**Exercise directions**
Here is the task for the records below: repeat exactly the lines from the one with "Reply with 3D" to the one with "- soccer cleat [176,402,403,539]", both included, and nothing else.

**The records**
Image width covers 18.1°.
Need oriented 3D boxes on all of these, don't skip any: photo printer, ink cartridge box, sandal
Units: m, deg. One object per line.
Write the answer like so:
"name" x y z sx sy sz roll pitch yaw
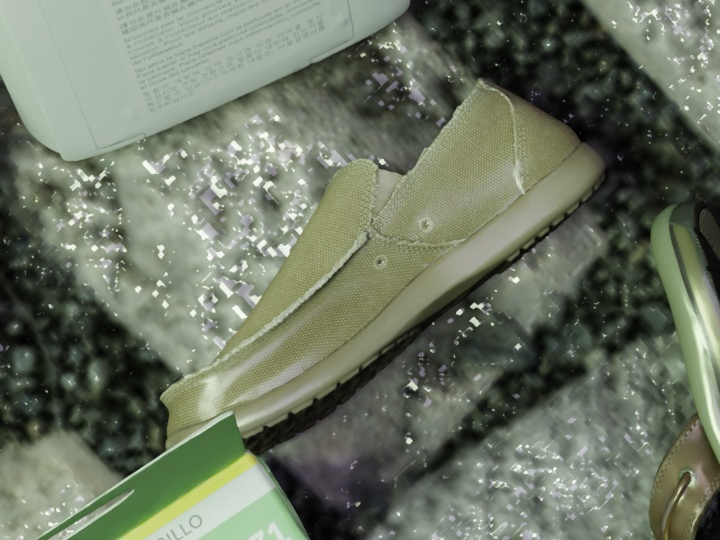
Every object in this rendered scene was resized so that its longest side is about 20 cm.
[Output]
"photo printer" -0.066 -0.133 0.800 0.166 0.200 0.070 -25 66 -6
"ink cartridge box" -0.087 0.113 0.763 0.145 0.200 0.048 -34 84 -7
"sandal" 0.135 0.076 0.853 0.057 0.080 0.202 -16 80 22

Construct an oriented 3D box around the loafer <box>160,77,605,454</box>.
"loafer" 0.000 0.000 0.852 0.200 0.076 0.068 -36 82 -16
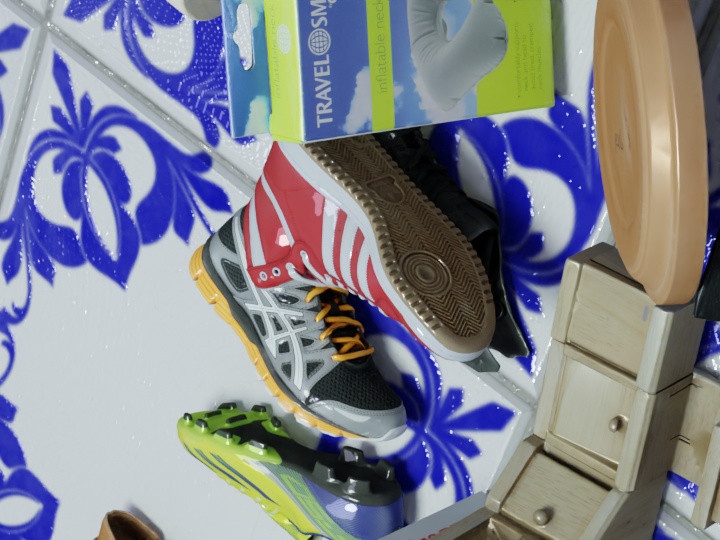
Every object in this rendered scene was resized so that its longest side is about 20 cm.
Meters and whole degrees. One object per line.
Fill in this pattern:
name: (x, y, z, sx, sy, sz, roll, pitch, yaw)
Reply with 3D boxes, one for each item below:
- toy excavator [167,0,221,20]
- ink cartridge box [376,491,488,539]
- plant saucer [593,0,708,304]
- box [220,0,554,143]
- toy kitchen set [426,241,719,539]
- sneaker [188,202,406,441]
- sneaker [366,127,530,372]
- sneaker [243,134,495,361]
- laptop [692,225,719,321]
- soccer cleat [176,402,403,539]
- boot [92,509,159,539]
toy excavator: (-0.027, -0.248, 1.269, 0.100, 0.200, 0.195, 41, 125, 27)
ink cartridge box: (0.087, 0.262, 1.347, 0.200, 0.145, 0.145, 34, 123, 31)
plant saucer: (0.154, -0.080, 1.179, 0.032, 0.200, 0.200, -5, 102, -1)
box: (0.018, -0.144, 1.257, 0.048, 0.200, 0.122, 16, 113, 58)
toy kitchen set: (0.139, 0.124, 1.238, 0.163, 0.180, 0.200, 28, 123, 32)
sneaker: (-0.036, 0.034, 1.444, 0.200, 0.078, 0.077, 47, 119, 20)
sneaker: (0.047, -0.039, 1.361, 0.104, 0.060, 0.200, 9, 113, 41)
sneaker: (0.000, 0.000, 1.330, 0.200, 0.071, 0.113, 54, 135, 24)
laptop: (0.299, -0.020, 1.108, 0.103, 0.200, 0.177, -113, 33, -59)
soccer cleat: (-0.055, 0.150, 1.499, 0.200, 0.065, 0.084, 19, 116, 36)
boot: (-0.157, 0.291, 1.625, 0.200, 0.074, 0.155, 38, 120, 25)
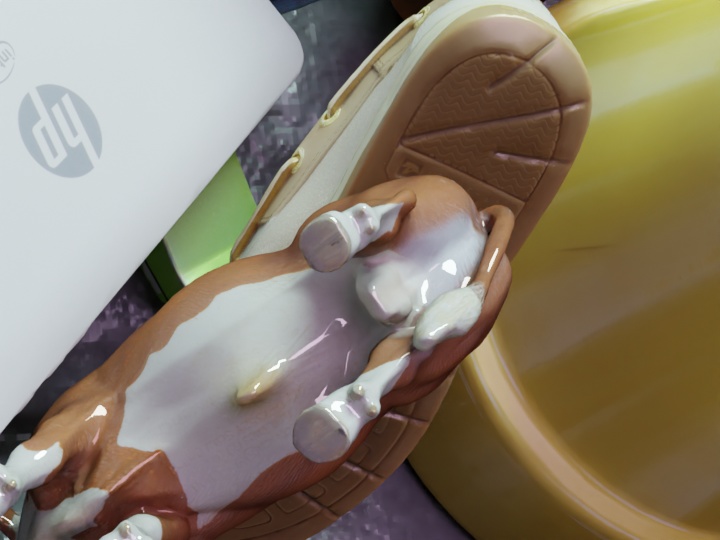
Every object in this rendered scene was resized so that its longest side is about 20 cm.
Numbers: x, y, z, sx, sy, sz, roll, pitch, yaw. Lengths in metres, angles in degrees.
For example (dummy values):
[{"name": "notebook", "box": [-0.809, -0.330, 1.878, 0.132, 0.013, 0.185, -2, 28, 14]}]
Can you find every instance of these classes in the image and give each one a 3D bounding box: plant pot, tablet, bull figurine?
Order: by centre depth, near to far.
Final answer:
[{"name": "bull figurine", "box": [-0.043, 0.043, 0.772, 0.200, 0.121, 0.065, -41, 89, 12]}, {"name": "tablet", "box": [-0.101, -0.052, 0.797, 0.130, 0.014, 0.200, 49, 48, -13]}, {"name": "plant pot", "box": [0.127, -0.008, 0.881, 0.201, 0.189, 0.201, 7, 72, -24]}]

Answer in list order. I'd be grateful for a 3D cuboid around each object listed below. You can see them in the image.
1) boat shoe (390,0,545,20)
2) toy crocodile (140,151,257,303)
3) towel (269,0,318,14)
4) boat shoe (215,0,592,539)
[{"name": "boat shoe", "box": [0.069, -0.148, 0.872, 0.070, 0.200, 0.070, -24, 73, -33]}, {"name": "toy crocodile", "box": [-0.083, -0.082, 0.875, 0.067, 0.062, 0.200, -24, 86, -29]}, {"name": "towel", "box": [-0.033, -0.176, 0.859, 0.022, 0.147, 0.200, -41, 109, -52]}, {"name": "boat shoe", "box": [0.000, 0.000, 0.846, 0.074, 0.200, 0.069, 32, 21, -15]}]
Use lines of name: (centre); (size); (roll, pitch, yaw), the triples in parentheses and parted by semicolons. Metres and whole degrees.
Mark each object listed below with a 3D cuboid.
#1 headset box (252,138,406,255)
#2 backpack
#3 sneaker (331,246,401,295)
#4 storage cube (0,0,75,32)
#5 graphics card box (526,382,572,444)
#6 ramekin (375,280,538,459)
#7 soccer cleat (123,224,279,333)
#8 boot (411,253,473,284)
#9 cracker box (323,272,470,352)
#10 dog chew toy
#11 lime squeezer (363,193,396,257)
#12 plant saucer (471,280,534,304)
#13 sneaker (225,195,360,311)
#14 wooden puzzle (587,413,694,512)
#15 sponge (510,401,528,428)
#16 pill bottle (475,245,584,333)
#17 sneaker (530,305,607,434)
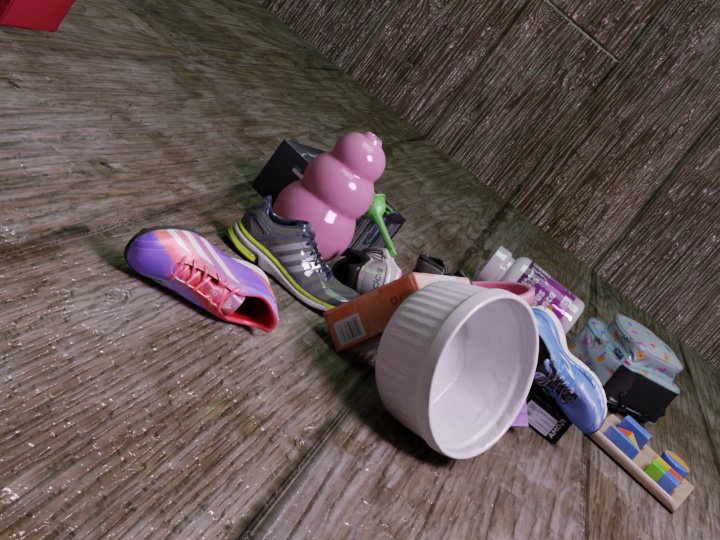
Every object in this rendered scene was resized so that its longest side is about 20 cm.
headset box: (-0.050, -0.110, 1.857); (0.174, 0.093, 0.200); (44, 15, 21)
backpack: (0.495, 0.172, 2.219); (0.175, 0.154, 0.200); (21, 14, -34)
sneaker: (0.000, 0.000, 1.670); (0.087, 0.074, 0.200); (17, 9, -12)
storage cube: (-0.503, -0.476, 1.713); (0.171, 0.180, 0.200); (39, 15, 5)
graphics card box: (0.231, 0.166, 1.773); (0.199, 0.051, 0.126); (37, 14, -1)
ramekin: (0.107, 0.107, 1.362); (0.105, 0.202, 0.200); (21, 1, 40)
soccer cleat: (-0.164, 0.011, 1.257); (0.199, 0.068, 0.073); (27, 21, -45)
boot: (0.125, 0.078, 1.623); (0.200, 0.131, 0.068); (42, 15, 14)
cracker box: (0.058, 0.056, 1.505); (0.200, 0.133, 0.058); (4, 63, -65)
dog chew toy: (-0.038, -0.110, 1.667); (0.124, 0.200, 0.125); (35, 14, -11)
lime squeezer: (0.032, -0.086, 1.734); (0.071, 0.038, 0.200); (40, 15, -14)
plant saucer: (0.167, 0.057, 1.782); (0.199, 0.051, 0.201); (-5, 9, 1)
sneaker: (-0.076, -0.017, 1.525); (0.199, 0.081, 0.074); (36, 14, -9)
wooden puzzle: (0.472, 0.306, 1.940); (0.185, 0.046, 0.200); (43, 14, 18)
sponge: (0.174, 0.154, 1.577); (0.200, 0.030, 0.113); (14, 72, -59)
pill bottle: (0.322, 0.046, 2.251); (0.200, 0.113, 0.112); (38, 14, 4)
sneaker: (0.277, 0.152, 1.686); (0.089, 0.078, 0.201); (-24, 77, -49)
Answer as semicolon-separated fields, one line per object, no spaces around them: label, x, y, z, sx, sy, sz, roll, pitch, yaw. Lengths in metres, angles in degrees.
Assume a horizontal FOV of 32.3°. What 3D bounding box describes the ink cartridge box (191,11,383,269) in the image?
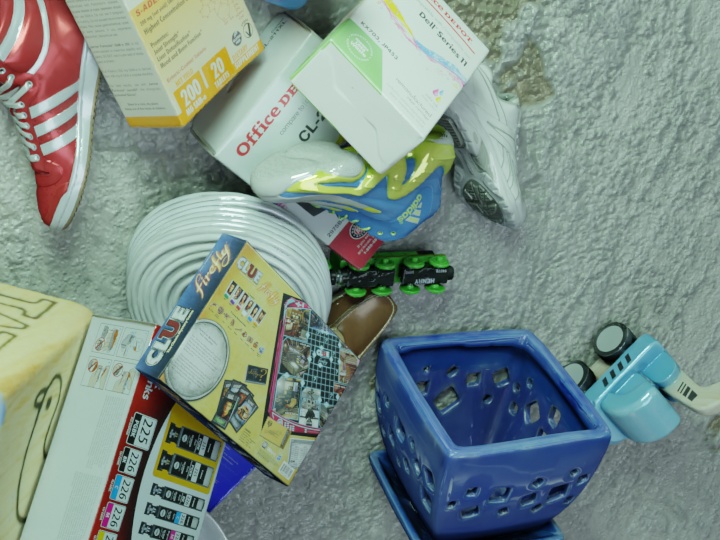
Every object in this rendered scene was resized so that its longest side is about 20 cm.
ink cartridge box;-0.037;-0.120;1.171;0.199;0.083;0.146;37;95;-33

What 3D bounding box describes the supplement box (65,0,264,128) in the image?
supplement box;-0.174;-0.237;1.029;0.126;0.073;0.202;-51;131;-36

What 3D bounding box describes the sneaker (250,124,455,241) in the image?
sneaker;-0.002;-0.065;1.118;0.198;0.076;0.106;-13;119;-20

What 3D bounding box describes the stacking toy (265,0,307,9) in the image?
stacking toy;-0.046;-0.264;1.030;0.109;0.200;0.117;17;107;-30

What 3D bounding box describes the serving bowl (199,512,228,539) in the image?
serving bowl;-0.224;0.317;1.233;0.198;0.066;0.203;-2;94;-32

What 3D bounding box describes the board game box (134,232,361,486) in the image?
board game box;-0.090;0.081;1.071;0.136;0.034;0.200;-58;136;-17

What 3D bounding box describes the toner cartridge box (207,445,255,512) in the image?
toner cartridge box;-0.190;0.153;1.252;0.095;0.043;0.200;-44;123;-1

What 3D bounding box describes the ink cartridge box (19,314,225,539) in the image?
ink cartridge box;-0.179;0.163;1.080;0.175;0.083;0.203;32;68;-52

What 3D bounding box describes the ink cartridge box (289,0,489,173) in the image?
ink cartridge box;0.037;-0.191;1.095;0.117;0.201;0.067;44;134;-9

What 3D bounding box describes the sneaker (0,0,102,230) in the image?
sneaker;-0.285;-0.136;1.057;0.111;0.071;0.203;3;104;-30

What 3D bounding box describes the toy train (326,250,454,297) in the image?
toy train;0.000;0.000;1.259;0.197;0.056;0.042;-2;116;-22

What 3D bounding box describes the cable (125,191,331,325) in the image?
cable;-0.125;0.021;1.165;0.197;0.070;0.202;9;130;-3

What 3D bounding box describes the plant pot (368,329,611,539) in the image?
plant pot;0.124;0.194;1.330;0.197;0.200;0.182;-2;121;-23

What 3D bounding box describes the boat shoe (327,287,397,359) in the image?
boat shoe;-0.040;0.098;1.277;0.200;0.074;0.076;-42;123;-1

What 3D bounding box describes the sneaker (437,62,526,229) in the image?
sneaker;0.136;-0.128;1.254;0.100;0.077;0.201;-48;135;-20

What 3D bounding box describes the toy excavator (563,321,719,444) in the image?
toy excavator;0.346;0.136;1.395;0.194;0.200;0.100;-45;124;1

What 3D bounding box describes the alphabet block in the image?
alphabet block;-0.353;0.124;1.030;0.194;0.200;0.198;16;109;5
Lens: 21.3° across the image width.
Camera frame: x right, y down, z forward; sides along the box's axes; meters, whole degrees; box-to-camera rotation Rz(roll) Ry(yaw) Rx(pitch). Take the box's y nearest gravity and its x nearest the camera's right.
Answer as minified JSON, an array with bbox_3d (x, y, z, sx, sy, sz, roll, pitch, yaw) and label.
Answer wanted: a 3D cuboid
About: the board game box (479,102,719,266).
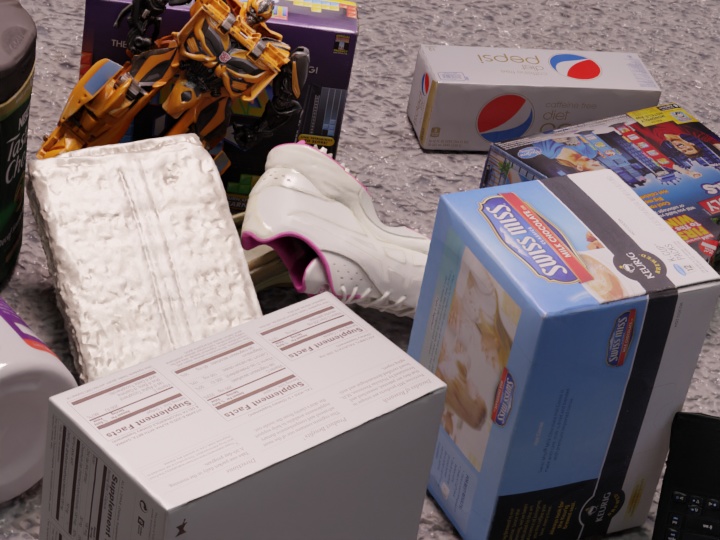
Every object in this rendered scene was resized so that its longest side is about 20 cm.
[{"bbox_3d":[0.230,-0.042,1.490,0.200,0.062,0.200,-14,43,-32],"label":"board game box"}]

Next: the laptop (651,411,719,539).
[{"bbox_3d":[0.256,0.196,1.113,0.177,0.200,0.103,11,-3,6],"label":"laptop"}]

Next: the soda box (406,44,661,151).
[{"bbox_3d":[0.144,-0.142,1.601,0.200,0.068,0.064,1,36,-15],"label":"soda box"}]

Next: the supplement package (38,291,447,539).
[{"bbox_3d":[-0.068,0.129,1.083,0.200,0.156,0.111,-20,44,-37],"label":"supplement package"}]

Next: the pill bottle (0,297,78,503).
[{"bbox_3d":[-0.270,0.047,1.181,0.111,0.111,0.200,-18,44,-35],"label":"pill bottle"}]

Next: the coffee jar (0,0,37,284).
[{"bbox_3d":[-0.269,-0.085,1.289,0.085,0.200,0.104,13,35,3],"label":"coffee jar"}]

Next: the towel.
[{"bbox_3d":[-0.142,0.002,1.285,0.132,0.034,0.200,-10,65,-18],"label":"towel"}]

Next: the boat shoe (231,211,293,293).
[{"bbox_3d":[-0.085,-0.017,1.365,0.201,0.063,0.073,-11,40,-29],"label":"boat shoe"}]

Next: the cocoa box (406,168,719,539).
[{"bbox_3d":[0.115,0.059,1.194,0.131,0.200,0.133,-9,39,-26],"label":"cocoa box"}]

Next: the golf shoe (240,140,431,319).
[{"bbox_3d":[0.000,0.000,1.334,0.200,0.075,0.092,37,61,-12],"label":"golf shoe"}]

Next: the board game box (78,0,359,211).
[{"bbox_3d":[-0.111,-0.130,1.428,0.200,0.165,0.057,7,35,-5],"label":"board game box"}]

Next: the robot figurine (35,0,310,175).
[{"bbox_3d":[-0.131,-0.120,1.361,0.145,0.200,0.058,39,22,-16],"label":"robot figurine"}]

**Exercise answer**
Reply with 3D boxes, one for each item below:
- toy excavator [167,0,221,20]
- ink cartridge box [376,491,488,539]
- plant saucer [593,0,708,304]
- box [220,0,554,143]
- toy kitchen set [426,241,719,539]
- sneaker [188,202,406,441]
- sneaker [366,127,530,372]
- sneaker [243,134,495,361]
- laptop [692,225,719,321]
- soccer cleat [176,402,403,539]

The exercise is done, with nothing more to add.